- Directed by: Millicent Hailes
- Written by: Kendra A Miller; Millicent Hailes;
- Produced by: Millicent Hailes; Nathan Scherrer; Tara Sheree; Tyler Payne; Liz Cardenas; Douglas Riggs;
- Starring: Julia Fox; Ashley Moore; Lío Mehiel; Micaela Wittman; Ryder McLaughlin; Kate Moennig; Creed Bratton;
- Cinematography: Ksusha Genenfeld
- Edited by: Amber Bansak
- Music by: Wynne Bennet
- Production companies: Freenjoy; Steak and Rosé;
- Release date: March 12, 2026 (SXSW);
- Running time: 94 minutes
- Country: United States
- Language: English

= Perfect (2026 film) =

2026 American drama film

Perfect (stylized as PERFECT), is a 2026 American drama film directed, produced, and co-written by Millicent Hailes in her directorial debut. It stars Julia Fox, Ashley Moore, Lío Mehiel, Micaela Wittman, Ryder McLaughlin, Kate Moennig and Creed Bratton.

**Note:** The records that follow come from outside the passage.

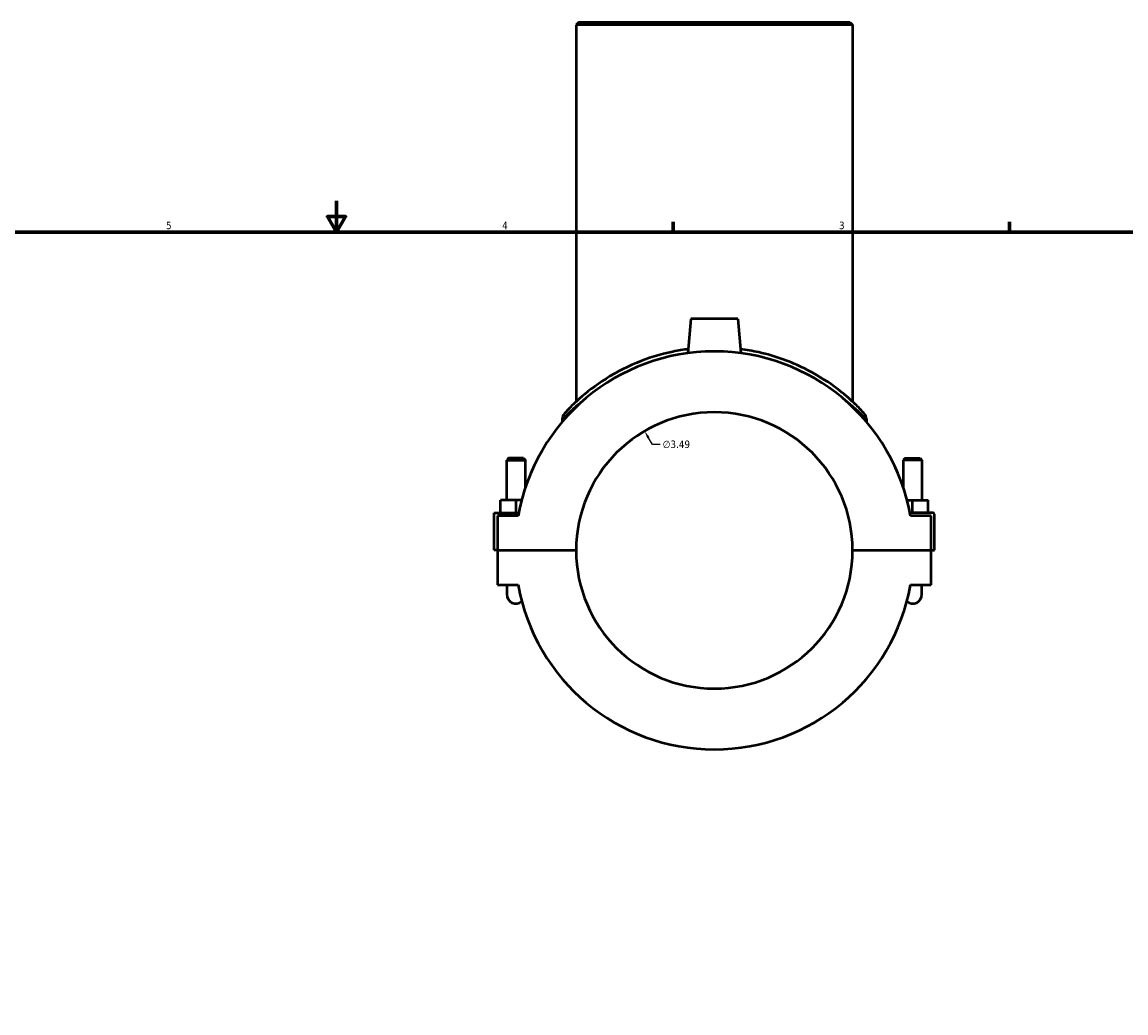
# Model space of a CAD drawing. Header units: inches. Extents: x -0.9 to 54.9, y -1.4 to 49.5.
# Tile 4 of 8: x 13 to 27, y 11.1 to 23.7. Entities that reach past the tile are written whole.
import ezdxf

# ---------------------------------------------------------------- set-up
doc = ezdxf.new("R2010")
doc.units = ezdxf.units.IN
doc.header["$MEASUREMENT"] = 0
for name, color, linetype, lineweight in [('Border (ANSI)', 7, 'Continuous', 70), ('Dimension (ANSI)', 7, 'Continuous', 25), ('Visible (ANSI)', 7, 'Continuous', 50), ('Visible Narrow (ANSI)', 7, 'Continuous', 35)]:
    doc.layers.add(name, color=color, linetype=linetype, lineweight=lineweight)
doc.styles.add('Note Text (ANSI)', font='tahoma.ttf')
doc.dimstyles.new('Default (ANSI)', dxfattribs={"dimtxt": 0.094488, "dimasz": 0.098425, "dimexe": 0.125, "dimexo": 0.0625, "dimgap": 0.031496, "dimtad": 0, "dimtih": 1, "dimtoh": 1, "dimrnd": 1e-08, "dimzin": 4, "dimdsep": 46, "dimtxsty": 'Note Text (ANSI)', "dimcen": 0.09, "dimdle": 0.393701, "dimclrd": 256, "dimclre": 256, "dimclrt": 5, "dimadec": 0, "dimazin": 1, "dimtfac": 1, "dimtofl": 0, "dimtmove": 0, "dimatfit": 3, "dimfxl": 1, "dimtolj": 1, "dimtzin": 4, "dimlwd": -1, "dimlwe": -1, "dimarcsym": 0})

# ---------------------------------------------------------------- blocks, each defined once
blk = doc.blocks.new('Borders Default Border')
at = {"layer": 'Border (ANSI)'}
for p, q in [((21.25, 21), (21.25, 21.134)), ((25.5, 21), (25.5, 21.134))]:
    blk.add_line(p, q, dxfattribs=at)
at = {"layer": 'Border (ANSI)', "flags": 128}
for points in [[(17, 21.4), (17, 21), (16.885, 21.2), (17.115, 21.2), (17, 21)], [(0.5, 1), (0.5, 21), (33.5, 21), (33.5, 1), (0.5, 1)]]:
    blk.add_lwpolyline(points, dxfattribs=at)
at = {"layer": 'Border (ANSI)', "color": 5, "true_color": 0x0000ff, "char_height": 0.0945, "attachment_point": 7, "style": 'Note Text (ANSI)'}
for s, insert in [('5', (14.847, 21.038)), ('4', (19.092, 21.04)), ('3', (23.346, 21.038))]:
    blk.add_mtext(s, dxfattribs=dict(at, insert=insert))
blk = doc.blocks.new('*D8')
at = {"layer": 'Defpoints', "color": 0, "transparency": 16777216}
for p in [(20.891, 18.488), (22.654, 15.474)]:
    blk.add_point(p, dxfattribs=at)
at = {"layer": 'Dimension (ANSI)', "transparency": 16777216}
for p, q in [((20.99, 18.318), (20.941, 18.403)), ((21.089, 18.318), (20.99, 18.318))]:
    blk.add_line(p, q, dxfattribs=at)
blk.add_solid([(20.955, 18.412), (20.926, 18.395), (20.891, 18.488)], dxfattribs=at)
at = {"layer": 'Dimension (ANSI)', "color": 5, "transparency": 16777216, "insert": (21.12, 18.369), "char_height": 0.0945, "attachment_point": 1, "style": 'Note Text (ANSI)'}
blk.add_mtext('\\A1;∅3.49', dxfattribs=at)

msp = doc.modelspace()

# ---------------------------------------------------------------- linework, layer by layer
at = {"layer": 'Visible (ANSI)'}
for p, q in [((20.061, 23.657), (20.026, 23.622)), ((23.518, 23.622), (20.026, 23.622)), ((20.026, 23.622), (20.026, 18.859)), ((20.061, 23.657), (23.483, 23.657)), ((23.483, 23.657), (23.518, 23.622)), ((23.518, 23.622), (23.518, 18.859)), ((21.477, 19.908), (21.439, 19.474)), ((22.068, 19.908), (21.477, 19.908)), ((22.068, 19.908), (22.105, 19.474)), ((19.852, 18.64), (19.852, 18.605)), ((23.693, 18.64), (23.693, 18.605)), ((19.174, 18.147), (19.15, 18.123)), ((19.15, 18.123), (19.387, 18.123)), ((19.15, 17.614), (19.15, 18.123)), ((19.363, 18.147), (19.174, 18.147)), ((19.363, 18.147), (19.387, 18.123)), ((19.387, 17.778), (19.387, 18.123)), ((24.182, 18.147), (24.158, 18.123)), ((24.394, 18.123), (24.158, 18.123)), ((24.158, 18.123), (24.158, 17.778)), ((24.182, 18.147), (24.37, 18.147)), ((24.37, 18.147), (24.394, 18.123)), ((24.394, 18.123), (24.394, 17.614)), ((19.072, 17.457), (19.072, 17.614)), ((19.268, 17.614), (19.072, 17.614)), ((19.338, 17.614), (19.268, 17.614)), ((19.268, 17.457), (19.268, 17.614)), ((24.207, 17.614), (24.276, 17.614)), ((24.276, 17.457), (24.276, 17.614)), ((24.276, 17.614), (24.473, 17.614)), ((24.473, 17.457), (24.473, 17.614)), ((18.993, 17.457), (19.302, 17.457)), ((18.993, 16.983), (18.993, 17.457)), ((24.532, 17.457), (24.242, 17.457)), ((24.552, 16.983), (24.552, 17.437)), ((19.295, 17.417), (19.032, 17.417)), ((19.032, 17.417), (19.032, 16.983)), ((24.512, 17.417), (24.249, 17.417)), ((24.512, 16.983), (24.512, 17.417)), ((19.032, 16.983), (18.993, 16.983)), ((19.032, 16.983), (20.026, 16.983)), ((19.032, 16.979), (19.032, 16.544)), ((20.026, 16.979), (19.032, 16.979)), ((19.15, 16.979), (19.15, 16.983)), ((19.387, 16.979), (19.387, 16.983)), ((23.518, 16.983), (24.512, 16.983)), ((24.512, 16.979), (23.518, 16.979)), ((24.158, 16.983), (24.158, 16.979)), ((24.394, 16.983), (24.394, 16.979)), ((24.512, 16.983), (24.552, 16.983)), ((24.512, 16.544), (24.512, 16.979)), ((19.032, 16.544), (19.295, 16.544)), ((19.15, 16.544), (19.15, 16.426)), ((24.249, 16.544), (24.512, 16.544)), ((24.394, 16.426), (24.394, 16.544))]:
    msp.add_line(p, q, dxfattribs=at)
for centre, radius, start, end in [((21.772, 16.981), 2.515, 9.9936, 170.0064), ((19.956, 18.64), 0.105, 137.5775, 180), ((21.772, 16.981), 1.746, 0.0646, 179.9354), ((23.588, 18.64), 0.105, 0, 42.4225), ((24.532, 17.437), 0.0197, 0, 90), ((21.772, 16.981), 1.746, 180.0646, 359.9354), ((21.772, 16.981), 2.515, 189.9936, 350.0064), ((19.268, 16.426), 0.118, 180, 308.2544), ((24.276, 16.426), 0.118, 231.7456, 0)]:
    msp.add_arc(centre, radius, start, end, dxfattribs=at)
for points, knots in [([(21.443, 19.524), (21.378, 19.516), (21.313, 19.505), (21.086, 19.458), (20.932, 19.409), (20.627, 19.283), (20.481, 19.202), (20.224, 19.032), (20.115, 18.941), (19.97, 18.808), (19.924, 18.76), (19.886, 18.719), (19.879, 18.711), (19.879, 18.711)], [24.160071, 24.160071, 24.160071, 24.160071, 24.662547, 24.662547, 25.966026, 25.966026, 27.496193, 27.496193, 29.135968, 29.135968, 30.408315, 30.408315, 31.109697, 31.109697, 31.109697, 31.109697]), ([(23.665, 18.711), (23.665, 18.711), (23.653, 18.724), (23.604, 18.776), (23.565, 18.817), (23.453, 18.92), (23.377, 18.985), (23.181, 19.128), (23.056, 19.207), (22.743, 19.362), (22.547, 19.436), (22.257, 19.501), (22.18, 19.514), (22.101, 19.524)], [15.554854, 15.554854, 15.554854, 15.554854, 16.47284, 16.47284, 17.509842, 17.509842, 18.736638, 18.736638, 20.180748, 20.180748, 21.901045, 21.901045, 22.504372, 22.504372, 22.504372, 22.504372])]:
    msp.add_open_spline(points, degree=3, knots=knots, dxfattribs=at)
at = {"layer": 'Visible Narrow (ANSI)'}
msp.add_arc((23.588, 18.64), 0.105, 2.1211, 40.3014, dxfattribs=at)
for points, knots in [([(19.852, 18.64), (19.852, 18.64), (19.859, 18.648), (19.898, 18.687), (19.944, 18.734), (20.051, 18.827), (20.102, 18.868), (20.16, 18.912)], [-31.109697, -31.109697, -31.109697, -31.109697, -30.408315, -30.408315, -29.135968, -29.135968, -28.281644, -28.281644, -28.281644, -28.281644]), ([(23.385, 18.912), (23.444, 18.868), (23.495, 18.825), (23.591, 18.742), (23.631, 18.703), (23.681, 18.653), (23.693, 18.64), (23.693, 18.64)], [-18.382886, -18.382886, -18.382886, -18.382886, -17.509842, -17.509842, -16.47284, -16.47284, -15.554854, -15.554854, -15.554854, -15.554854])]:
    msp.add_open_spline(points, degree=3, knots=knots, dxfattribs=at)

# ---------------------------------------------------------------- block references
msp.add_blockref('Borders Default Border', (0, 0))

# ---------------------------------------------------------------- dimensions: what is measured, and where the dimension line sits
at = {"layer": 'Dimension (ANSI)'}
dim = msp.add_diameter_dim_2p(p1=(22.654, 15.474), p2=(20.891, 18.488), dimstyle='Default (ANSI)', override={"dimgap": 0.031496, "dimdec": 2, "dimlfac": 1, "dimtol": 0, "dimlim": 0, "dimtp": 0, "dimtm": 0, "dimtdec": 2}, dxfattribs=at)
dim.commit()
dim.dimension.update_dxf_attribs({"geometry": '*D8', "text_midpoint": (21.292, 18.318), "dimtype": 163})

doc.saveas('drawing.dxf')

It had its world premiere at the 2026 South by Southwest Film & TV Festival on March 12, 2026.

==Premise==
A wealthy pregnant woman falls in love with a woman starting her life over.

==Cast==
- Julia Fox as Mallory
- Ashley Moore as Kai
- Lío Mehiel
- Micaela Wittman
- Ryder McLaughlin
- Kate Moennig
- Creed Bratton

==Production==
In August 2024, it was announced Julia Fox, Ashley Moore, Micaela Wittman, and Lío Mehiel had joined the cast of the film, with Millicent Hailes directing from her screenplay co-written with Kendra A. Miller. Principal photography commenced in September. During production, Perfect was unionized with IATSE.

==Release==
It had its world premiere at the 2026 South by Southwest Film & TV Festival on March 12, 2026.